Results and Discussion

Identification of Environmental Hotspots

The contributions of the eight unit operations with the highest impact in each category are shown in Figure 4; the contributions of all remaining unit operations is combined in the ‘other’ category. Hotspot analysis showed that these eight unit operations were responsible for more than 90 % of the total environmental impact in each category for the OCl− reference case (modules A,B, and OCl−).

Figure 4

Normalised environmental impacts of the eight highest scoring unit operations that account for more than 90 % of the total impact in each category. The contribution of the remaining unit operations is combined in the ‘other’ category.

Figure 4 shows that the unit operations pneumatic drying of native and of anionic starch, preheating, protamylasse concentration, fibre dewatering, steam injection, and starch oxidation, are the main contributors to the overall environmental impact of the process. Starch oxidation is the main contributor in the categories of freshwater eutrophication, ozone depletion, climate change, acidification, and resource use. The impacts of the oxidation step are linked to the use of chemicals (NaOCl, NaOH) in the oxidation process.[ , , ] Starch oxidation contributes only marginally to marine and terrestrial eutrophication and photochemical ozone formation. These results show that the oxidation step is the main hotspot in the production of anionic starch. The other seven highlighted unit operations from Figure 4 are considered secondary hotspots.

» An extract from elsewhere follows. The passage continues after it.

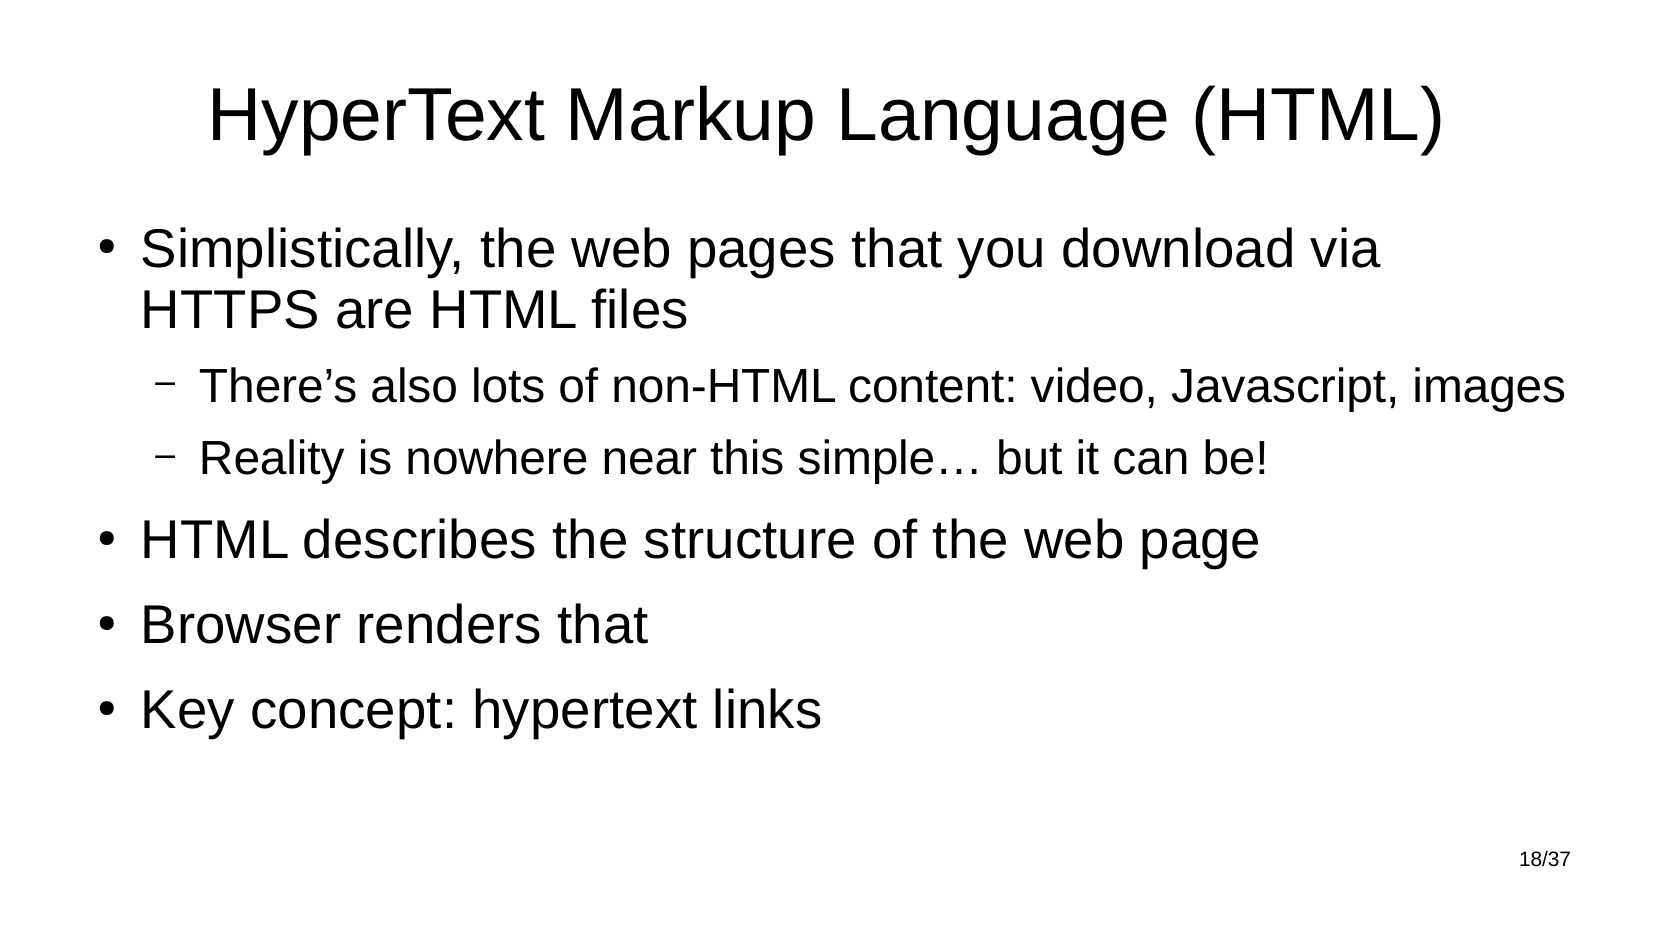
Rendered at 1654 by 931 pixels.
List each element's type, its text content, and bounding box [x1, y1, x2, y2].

The high environmental impact of the preheating, fibre dewatering, pneumatic drying of native and anionic starch, steam injection, and protamylasse concentration units is due to the high energy use for heating and drying in these steps.[ , ] The impact profile of these units, that is, the ratio of the contributions to a category, is similar across all impact categories because these unit operations use the same type of energy (heat and electricity from a combined heat‐power plant utilising natural gas). A full table of the calculated normalised impact indicators for all unit operations is given in the Supporting Information.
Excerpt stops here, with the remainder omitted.